No se sabe a ciencia cierta cuánta gente murió en las décadas iniciales de la exploración y conquista de América. Actualmente se calcula que perdió la vida más de la mitad de la población nativa, tal vez decenas de millones, y el impacto social fue devastador, desde Alaska y las planicies de Norteamérica hasta lo más profundo de la Amazonía.
“Las enfermedades de los españoles prácticamente extinguieron a los taínos”.
—Del pasado al presente —
Hoy quedan muy pocos pueblos indígenas aislados, y gran parte de ellos ya han sido expuestos de alguna manera a varias de las enfermedades para las cuales hemos desarrollado defensas tras varias generaciones o tenemos vacunas muy efectivas, como el sarampión.
Una de las instancias más recientes se dio en territorio yanomani, en la frontera entre Brasil y Venezuela, en la década de 1950 y 1960. Sus poblaciones casi desaparecieron a causa de un brote de sarampión y otras enfermedades transmitidas durante el contacto con personas del exterior.
—Nuevas pandemias —
Si bien no se sabe con precisión con qué animal el COVID-19 dio el salto de especies al contagiar a una persona, ya se sabía del peligro que presenta el comer ‘carne de monte’ o tener como mascotas animales silvestres. El VIH, virus causante del sida, fue adquirido por contacto con monos; el ébola, una de las enfermedades más letales conocidas, también se originó en poblaciones animales, incluyendo monos y murciélagos.
Un descubrimiento relativamente nuevo es la facilidad con que el contagio puede suceder en la dirección opuesta. En el 2006, tres brotes de infecciones respiratorias diezmaron una población de chimpancés que estaban siendo estudiados por científicos en África.
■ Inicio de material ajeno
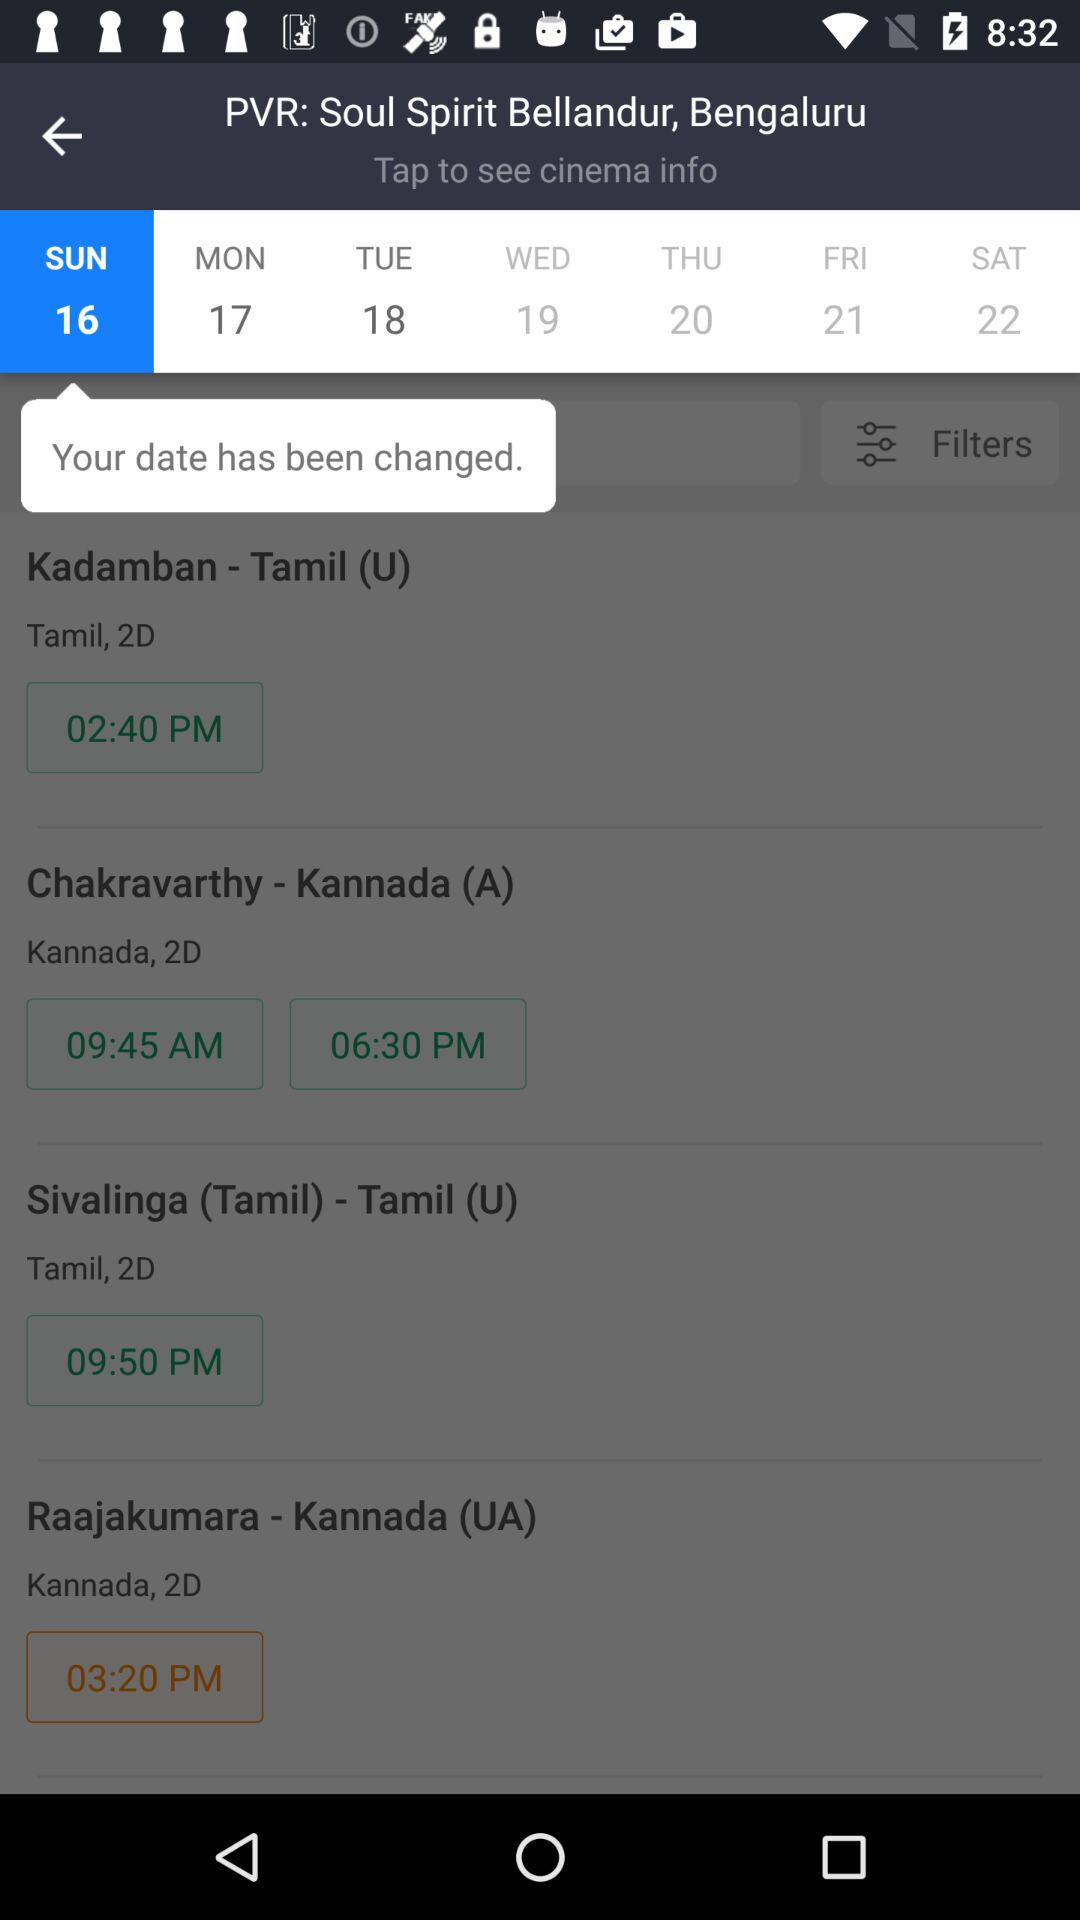What is the selected cinema? The selected cinema is "PVR: Soul Spirit Bellandur, Bengaluru". 
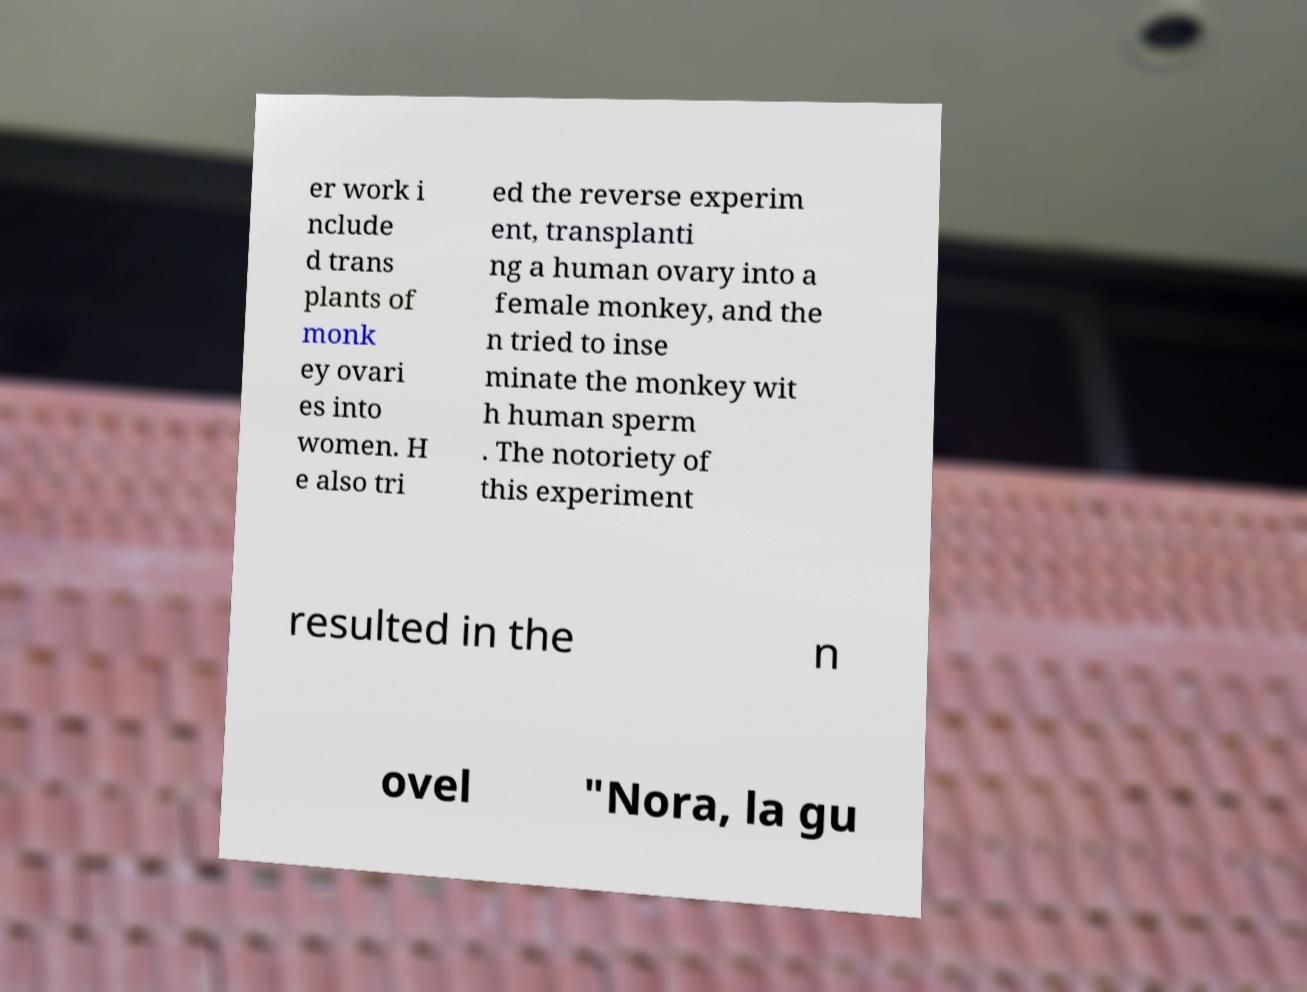For documentation purposes, I need the text within this image transcribed. Could you provide that? er work i nclude d trans plants of monk ey ovari es into women. H e also tri ed the reverse experim ent, transplanti ng a human ovary into a female monkey, and the n tried to inse minate the monkey wit h human sperm . The notoriety of this experiment resulted in the n ovel "Nora, la gu 
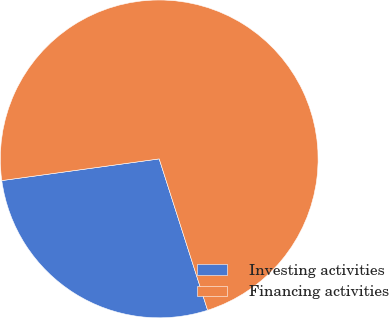<chart> <loc_0><loc_0><loc_500><loc_500><pie_chart><fcel>Investing activities<fcel>Financing activities<nl><fcel>27.75%<fcel>72.25%<nl></chart>

Las autopsias revelaron que las infecciones fueron causadas por virus comunes entre humanos que nuestras defensas controlan y que apenas nos causan resfríos, pero eran totalmente nuevos para los chimpancés. Una década después se descubrió otra colonia de chimpancés con lepra, enfermedad nunca antes observada en esa especie, que habría sido transmitida por pobladores de la región.
— Jugando con fuego —
El contagio entre humanos y animales silvestres puede darse por contacto breve y aparentemente amistoso, como un encuentro en la selva con monos acostumbrados a los visitantes. Un patógeno puede transmitirse a través de la respiración, del mismo modo en que podemos contagiarnos de la gripe o el COVID-19.
Esto ha llevado a nuevos protocolos para estudios de campo y el cuidado de animales cautivos. Estas precauciones para evitar posibles contagios de animales o de humanos, incluyendo el distanciamiento social, han sido adoptadas en algunas partes del mundo por comunidades que coexisten con áreas silvestres y operadores de ecoturismo.
Esto no implica prohibir la cacería de subsistencia tradicional. Por ejemplo, en las comunidades nativas de la Amazonía, la cacería tiende a ser muy limitada, con conocimiento especializado de las especies consumidas y uso de técnicas adecuadas. Por otro lado, como se ha visto con el coronavirus, cuyo origen se ha trazado a un mercado de animales y carnes silvestres en China, el riesgo puede ser catastrófico cuando las especies silvestres se comercializan en centros urbanos y entre poblaciones no expuestas tradicionalmente.
De manera inversa, el contacto humano con especies silvestres también podría desencadenar pandemias en el reino animal, de cuyas consecuencias posiblemente ni nos daríamos cuenta hasta que hayan llegado a niveles catastróficos, como la desaparición inexplicable de una o más especies de una región.
Aparte de las nuevas lecciones del coronavirus, si hay una lección que las pandemias nos han dado desde siglos atrás –pero parece no haber sido aprendida– es que, tanto al contactar nuevas culturas aisladas como al interactuar con la naturaleza, lo mejor es hacerlo con gran respeto, lo que incluye un prudente y cauteloso distanciamiento social.